Dataset records

<<<<

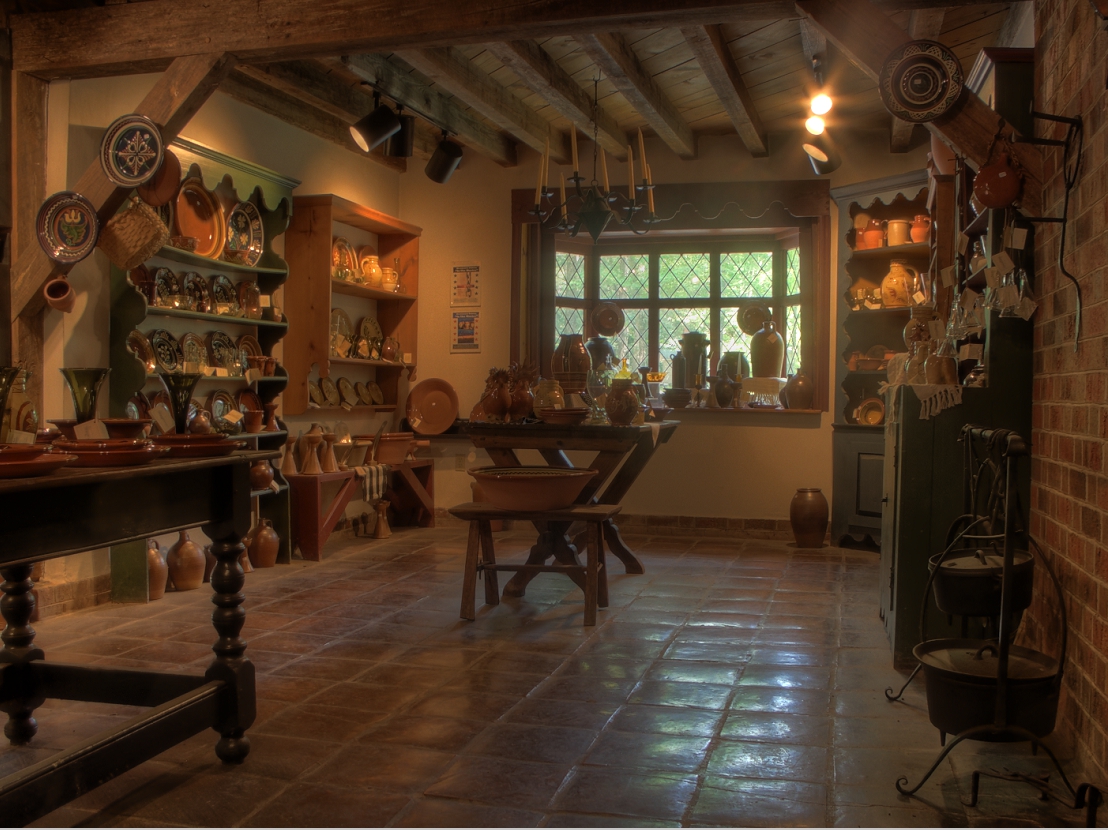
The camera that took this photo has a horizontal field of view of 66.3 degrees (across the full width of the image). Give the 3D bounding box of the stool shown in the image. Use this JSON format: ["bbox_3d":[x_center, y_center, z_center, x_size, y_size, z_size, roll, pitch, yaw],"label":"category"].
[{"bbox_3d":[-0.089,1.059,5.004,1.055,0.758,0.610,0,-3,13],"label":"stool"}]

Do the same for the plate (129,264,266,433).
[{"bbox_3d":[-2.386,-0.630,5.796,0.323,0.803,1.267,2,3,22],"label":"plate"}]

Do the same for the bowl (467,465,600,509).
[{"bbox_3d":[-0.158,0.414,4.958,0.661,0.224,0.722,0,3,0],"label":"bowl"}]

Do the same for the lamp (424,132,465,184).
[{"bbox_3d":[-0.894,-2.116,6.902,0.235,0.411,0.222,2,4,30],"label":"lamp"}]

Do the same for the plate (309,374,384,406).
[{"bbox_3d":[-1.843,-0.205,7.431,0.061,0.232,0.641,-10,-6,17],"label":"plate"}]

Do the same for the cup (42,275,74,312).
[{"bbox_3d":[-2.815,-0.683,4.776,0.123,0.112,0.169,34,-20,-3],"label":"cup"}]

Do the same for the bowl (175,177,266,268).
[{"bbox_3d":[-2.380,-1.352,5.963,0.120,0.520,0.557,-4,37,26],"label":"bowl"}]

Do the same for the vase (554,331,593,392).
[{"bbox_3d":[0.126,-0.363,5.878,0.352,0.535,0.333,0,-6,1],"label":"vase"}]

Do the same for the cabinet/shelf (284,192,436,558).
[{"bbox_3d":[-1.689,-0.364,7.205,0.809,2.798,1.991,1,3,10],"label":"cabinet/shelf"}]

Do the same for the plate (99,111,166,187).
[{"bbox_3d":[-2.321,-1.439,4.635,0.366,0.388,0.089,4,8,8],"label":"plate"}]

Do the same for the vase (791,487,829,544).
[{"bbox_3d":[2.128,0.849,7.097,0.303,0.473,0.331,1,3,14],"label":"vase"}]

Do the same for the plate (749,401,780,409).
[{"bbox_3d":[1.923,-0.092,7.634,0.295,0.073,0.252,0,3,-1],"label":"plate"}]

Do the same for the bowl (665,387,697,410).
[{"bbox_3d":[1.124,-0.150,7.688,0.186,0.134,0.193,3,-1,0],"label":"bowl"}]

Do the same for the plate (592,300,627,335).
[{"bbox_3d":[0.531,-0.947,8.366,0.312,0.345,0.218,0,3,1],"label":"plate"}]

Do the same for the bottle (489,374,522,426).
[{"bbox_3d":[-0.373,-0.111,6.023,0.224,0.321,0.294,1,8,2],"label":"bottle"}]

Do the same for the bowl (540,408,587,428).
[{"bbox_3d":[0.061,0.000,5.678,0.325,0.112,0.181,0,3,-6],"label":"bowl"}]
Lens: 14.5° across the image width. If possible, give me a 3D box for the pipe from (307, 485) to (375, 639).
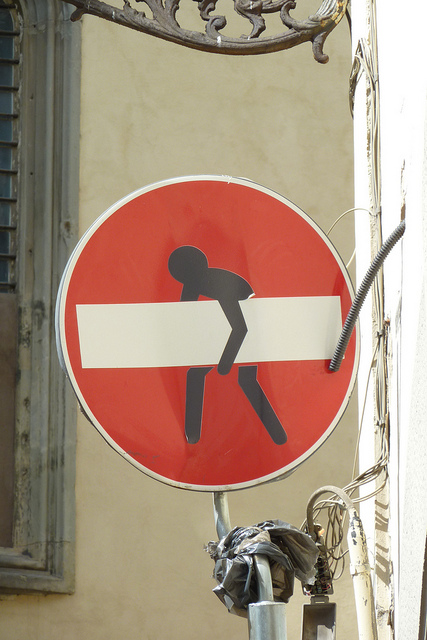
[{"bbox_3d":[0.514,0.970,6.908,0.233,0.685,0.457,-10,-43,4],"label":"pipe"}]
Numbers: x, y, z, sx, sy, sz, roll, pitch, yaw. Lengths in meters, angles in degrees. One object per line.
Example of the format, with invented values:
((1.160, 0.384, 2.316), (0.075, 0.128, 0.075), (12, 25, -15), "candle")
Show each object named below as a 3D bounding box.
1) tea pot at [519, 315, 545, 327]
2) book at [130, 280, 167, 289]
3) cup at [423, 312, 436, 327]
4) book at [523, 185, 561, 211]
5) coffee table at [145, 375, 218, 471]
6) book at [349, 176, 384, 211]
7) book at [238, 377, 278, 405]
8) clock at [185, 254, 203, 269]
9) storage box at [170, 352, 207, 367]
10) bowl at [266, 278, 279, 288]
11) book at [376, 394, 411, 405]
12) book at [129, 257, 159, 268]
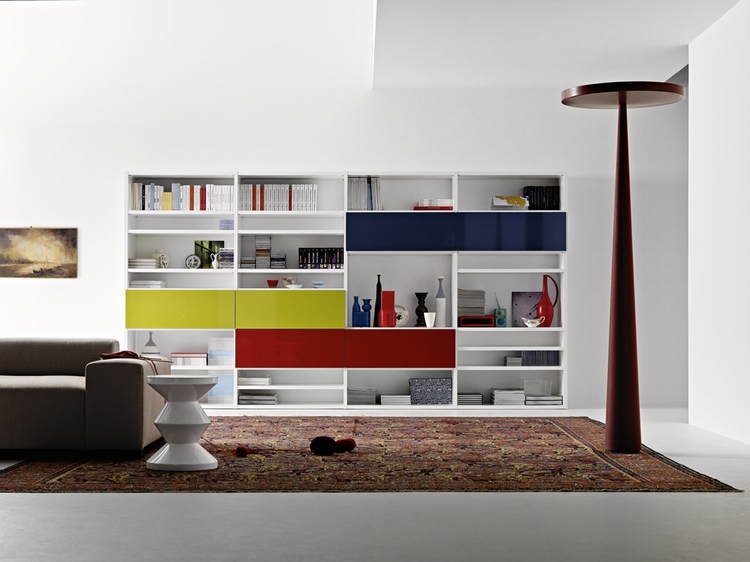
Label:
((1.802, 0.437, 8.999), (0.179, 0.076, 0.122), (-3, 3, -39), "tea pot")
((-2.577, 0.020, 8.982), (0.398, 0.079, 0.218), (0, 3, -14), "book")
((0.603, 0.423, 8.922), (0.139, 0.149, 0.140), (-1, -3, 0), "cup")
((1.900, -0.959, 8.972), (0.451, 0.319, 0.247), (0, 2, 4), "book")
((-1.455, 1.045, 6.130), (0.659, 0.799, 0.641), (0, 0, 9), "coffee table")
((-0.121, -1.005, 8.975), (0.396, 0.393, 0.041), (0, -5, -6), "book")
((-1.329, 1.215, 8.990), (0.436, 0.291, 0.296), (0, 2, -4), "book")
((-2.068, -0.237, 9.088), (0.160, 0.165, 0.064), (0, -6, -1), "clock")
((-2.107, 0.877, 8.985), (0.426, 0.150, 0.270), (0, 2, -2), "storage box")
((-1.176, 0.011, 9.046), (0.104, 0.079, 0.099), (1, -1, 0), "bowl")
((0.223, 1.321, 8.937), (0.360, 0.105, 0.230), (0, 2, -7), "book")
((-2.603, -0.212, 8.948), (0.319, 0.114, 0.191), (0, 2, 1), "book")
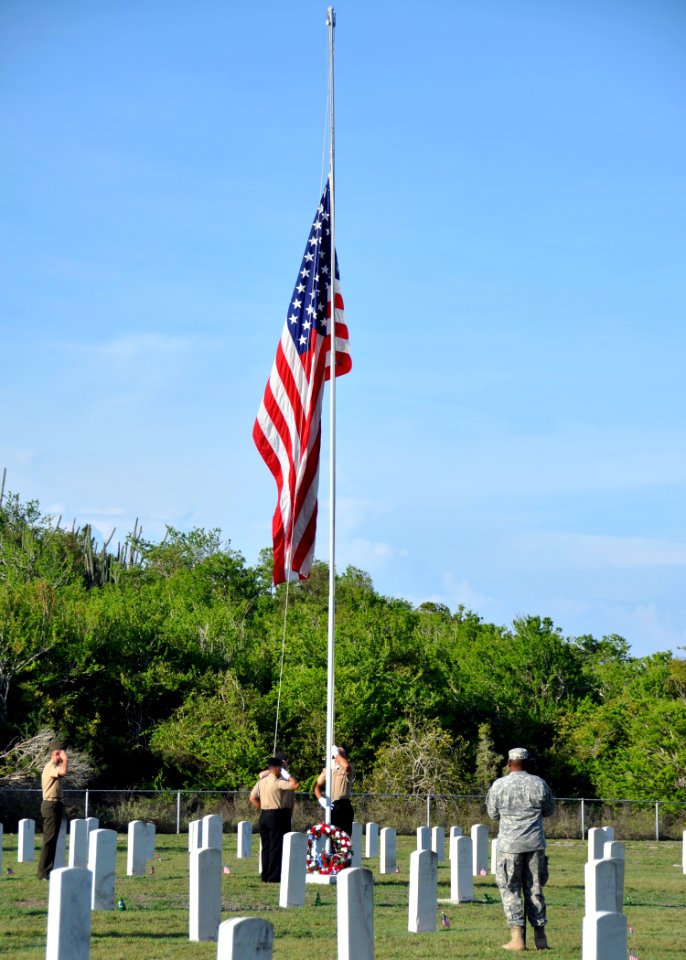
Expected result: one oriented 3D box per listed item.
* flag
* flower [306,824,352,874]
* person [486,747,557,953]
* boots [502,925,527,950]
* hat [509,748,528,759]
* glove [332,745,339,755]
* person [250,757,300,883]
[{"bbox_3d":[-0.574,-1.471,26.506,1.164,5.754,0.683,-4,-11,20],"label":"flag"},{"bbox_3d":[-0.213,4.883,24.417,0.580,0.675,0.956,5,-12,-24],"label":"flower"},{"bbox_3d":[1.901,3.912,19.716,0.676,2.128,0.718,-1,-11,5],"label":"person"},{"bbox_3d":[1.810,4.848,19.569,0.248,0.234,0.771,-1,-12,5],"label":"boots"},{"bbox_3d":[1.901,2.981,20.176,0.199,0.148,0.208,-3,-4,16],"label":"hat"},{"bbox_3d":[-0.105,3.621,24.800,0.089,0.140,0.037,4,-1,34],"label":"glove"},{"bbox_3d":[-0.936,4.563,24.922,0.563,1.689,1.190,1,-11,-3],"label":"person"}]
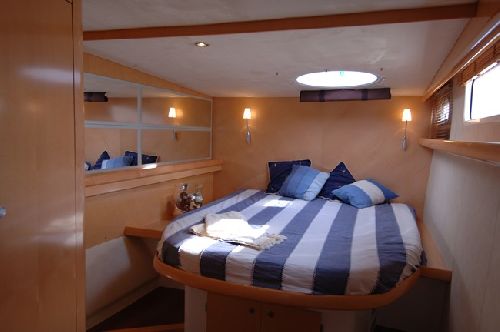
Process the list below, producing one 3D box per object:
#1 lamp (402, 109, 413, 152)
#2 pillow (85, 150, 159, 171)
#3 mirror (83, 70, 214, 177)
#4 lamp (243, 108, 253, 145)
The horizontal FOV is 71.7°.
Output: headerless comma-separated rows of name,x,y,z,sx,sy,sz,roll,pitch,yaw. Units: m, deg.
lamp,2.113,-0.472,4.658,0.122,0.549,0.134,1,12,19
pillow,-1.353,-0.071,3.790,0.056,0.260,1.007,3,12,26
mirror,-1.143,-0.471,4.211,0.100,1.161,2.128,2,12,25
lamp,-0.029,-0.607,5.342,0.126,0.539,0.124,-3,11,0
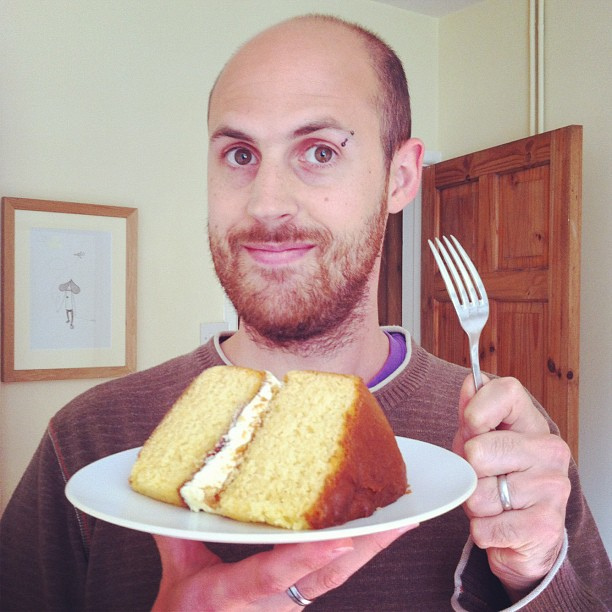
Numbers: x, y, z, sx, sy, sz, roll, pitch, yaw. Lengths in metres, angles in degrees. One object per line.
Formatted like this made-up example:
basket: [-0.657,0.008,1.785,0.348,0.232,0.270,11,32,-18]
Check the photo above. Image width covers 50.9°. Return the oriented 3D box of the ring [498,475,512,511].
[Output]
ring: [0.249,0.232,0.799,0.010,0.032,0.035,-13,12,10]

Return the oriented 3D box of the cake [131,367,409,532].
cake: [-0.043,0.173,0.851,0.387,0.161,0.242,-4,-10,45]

>>>>

Problem details
Your job is to transcribe the records exactly and in full. Pictures are not part of the copy.

Answer section
The camera that took this photo has a horizontal field of view of 66.3 degrees (across the full width of the image). Give the 3D bounding box of the stool shown in the image. Use this JSON format: ["bbox_3d":[x_center, y_center, z_center, x_size, y_size, z_size, roll, pitch, yaw],"label":"category"].
[{"bbox_3d":[-0.089,1.059,5.004,1.055,0.758,0.610,0,-3,13],"label":"stool"}]

Do the same for the plate (129,264,266,433).
[{"bbox_3d":[-2.386,-0.630,5.796,0.323,0.803,1.267,2,3,22],"label":"plate"}]

Do the same for the bowl (467,465,600,509).
[{"bbox_3d":[-0.158,0.414,4.958,0.661,0.224,0.722,0,3,0],"label":"bowl"}]

Do the same for the lamp (424,132,465,184).
[{"bbox_3d":[-0.894,-2.116,6.902,0.235,0.411,0.222,2,4,30],"label":"lamp"}]

Do the same for the plate (309,374,384,406).
[{"bbox_3d":[-1.843,-0.205,7.431,0.061,0.232,0.641,-10,-6,17],"label":"plate"}]

Do the same for the cup (42,275,74,312).
[{"bbox_3d":[-2.815,-0.683,4.776,0.123,0.112,0.169,34,-20,-3],"label":"cup"}]

Do the same for the bowl (175,177,266,268).
[{"bbox_3d":[-2.380,-1.352,5.963,0.120,0.520,0.557,-4,37,26],"label":"bowl"}]

Do the same for the vase (554,331,593,392).
[{"bbox_3d":[0.126,-0.363,5.878,0.352,0.535,0.333,0,-6,1],"label":"vase"}]

Do the same for the cabinet/shelf (284,192,436,558).
[{"bbox_3d":[-1.689,-0.364,7.205,0.809,2.798,1.991,1,3,10],"label":"cabinet/shelf"}]

Do the same for the plate (99,111,166,187).
[{"bbox_3d":[-2.321,-1.439,4.635,0.366,0.388,0.089,4,8,8],"label":"plate"}]

Do the same for the vase (791,487,829,544).
[{"bbox_3d":[2.128,0.849,7.097,0.303,0.473,0.331,1,3,14],"label":"vase"}]

Do the same for the plate (749,401,780,409).
[{"bbox_3d":[1.923,-0.092,7.634,0.295,0.073,0.252,0,3,-1],"label":"plate"}]

Do the same for the bowl (665,387,697,410).
[{"bbox_3d":[1.124,-0.150,7.688,0.186,0.134,0.193,3,-1,0],"label":"bowl"}]

Do the same for the plate (592,300,627,335).
[{"bbox_3d":[0.531,-0.947,8.366,0.312,0.345,0.218,0,3,1],"label":"plate"}]

Do the same for the bottle (489,374,522,426).
[{"bbox_3d":[-0.373,-0.111,6.023,0.224,0.321,0.294,1,8,2],"label":"bottle"}]

Do the same for the bowl (540,408,587,428).
[{"bbox_3d":[0.061,0.000,5.678,0.325,0.112,0.181,0,3,-6],"label":"bowl"}]
Lens: 14.5° across the image width. If possible, give me a 3D box for the pipe from (307, 485) to (375, 639).
[{"bbox_3d":[0.514,0.970,6.908,0.233,0.685,0.457,-10,-43,4],"label":"pipe"}]
Numbers: x, y, z, sx, sy, sz, roll, pitch, yaw. Lengths in meters, angles in degrees. One object per line.
Example of the format, with invented values:
((1.160, 0.384, 2.316), (0.075, 0.128, 0.075), (12, 25, -15), "candle")
Show each object named below as a 3D bounding box.
1) tea pot at [519, 315, 545, 327]
2) book at [130, 280, 167, 289]
3) cup at [423, 312, 436, 327]
4) book at [523, 185, 561, 211]
5) coffee table at [145, 375, 218, 471]
6) book at [349, 176, 384, 211]
7) book at [238, 377, 278, 405]
8) clock at [185, 254, 203, 269]
9) storage box at [170, 352, 207, 367]
10) bowl at [266, 278, 279, 288]
11) book at [376, 394, 411, 405]
12) book at [129, 257, 159, 268]
Label:
((1.802, 0.437, 8.999), (0.179, 0.076, 0.122), (-3, 3, -39), "tea pot")
((-2.577, 0.020, 8.982), (0.398, 0.079, 0.218), (0, 3, -14), "book")
((0.603, 0.423, 8.922), (0.139, 0.149, 0.140), (-1, -3, 0), "cup")
((1.900, -0.959, 8.972), (0.451, 0.319, 0.247), (0, 2, 4), "book")
((-1.455, 1.045, 6.130), (0.659, 0.799, 0.641), (0, 0, 9), "coffee table")
((-0.121, -1.005, 8.975), (0.396, 0.393, 0.041), (0, -5, -6), "book")
((-1.329, 1.215, 8.990), (0.436, 0.291, 0.296), (0, 2, -4), "book")
((-2.068, -0.237, 9.088), (0.160, 0.165, 0.064), (0, -6, -1), "clock")
((-2.107, 0.877, 8.985), (0.426, 0.150, 0.270), (0, 2, -2), "storage box")
((-1.176, 0.011, 9.046), (0.104, 0.079, 0.099), (1, -1, 0), "bowl")
((0.223, 1.321, 8.937), (0.360, 0.105, 0.230), (0, 2, -7), "book")
((-2.603, -0.212, 8.948), (0.319, 0.114, 0.191), (0, 2, 1), "book")
Expected result: one oriented 3D box per listed item.
* flag
* flower [306,824,352,874]
* person [486,747,557,953]
* boots [502,925,527,950]
* hat [509,748,528,759]
* glove [332,745,339,755]
* person [250,757,300,883]
[{"bbox_3d":[-0.574,-1.471,26.506,1.164,5.754,0.683,-4,-11,20],"label":"flag"},{"bbox_3d":[-0.213,4.883,24.417,0.580,0.675,0.956,5,-12,-24],"label":"flower"},{"bbox_3d":[1.901,3.912,19.716,0.676,2.128,0.718,-1,-11,5],"label":"person"},{"bbox_3d":[1.810,4.848,19.569,0.248,0.234,0.771,-1,-12,5],"label":"boots"},{"bbox_3d":[1.901,2.981,20.176,0.199,0.148,0.208,-3,-4,16],"label":"hat"},{"bbox_3d":[-0.105,3.621,24.800,0.089,0.140,0.037,4,-1,34],"label":"glove"},{"bbox_3d":[-0.936,4.563,24.922,0.563,1.689,1.190,1,-11,-3],"label":"person"}]
Process the list below, producing one 3D box per object:
#1 lamp (402, 109, 413, 152)
#2 pillow (85, 150, 159, 171)
#3 mirror (83, 70, 214, 177)
#4 lamp (243, 108, 253, 145)
The horizontal FOV is 71.7°.
Output: headerless comma-separated rows of name,x,y,z,sx,sy,sz,roll,pitch,yaw. Units: m, deg.
lamp,2.113,-0.472,4.658,0.122,0.549,0.134,1,12,19
pillow,-1.353,-0.071,3.790,0.056,0.260,1.007,3,12,26
mirror,-1.143,-0.471,4.211,0.100,1.161,2.128,2,12,25
lamp,-0.029,-0.607,5.342,0.126,0.539,0.124,-3,11,0
Numbers: x, y, z, sx, sy, sz, roll, pitch, yaw. Lengths in metres, angles in degrees. One object per line.
Formatted like this made-up example:
basket: [-0.657,0.008,1.785,0.348,0.232,0.270,11,32,-18]
Check the photo above. Image width covers 50.9°. Return the oriented 3D box of the ring [498,475,512,511].
[Output]
ring: [0.249,0.232,0.799,0.010,0.032,0.035,-13,12,10]

Return the oriented 3D box of the cake [131,367,409,532].
cake: [-0.043,0.173,0.851,0.387,0.161,0.242,-4,-10,45]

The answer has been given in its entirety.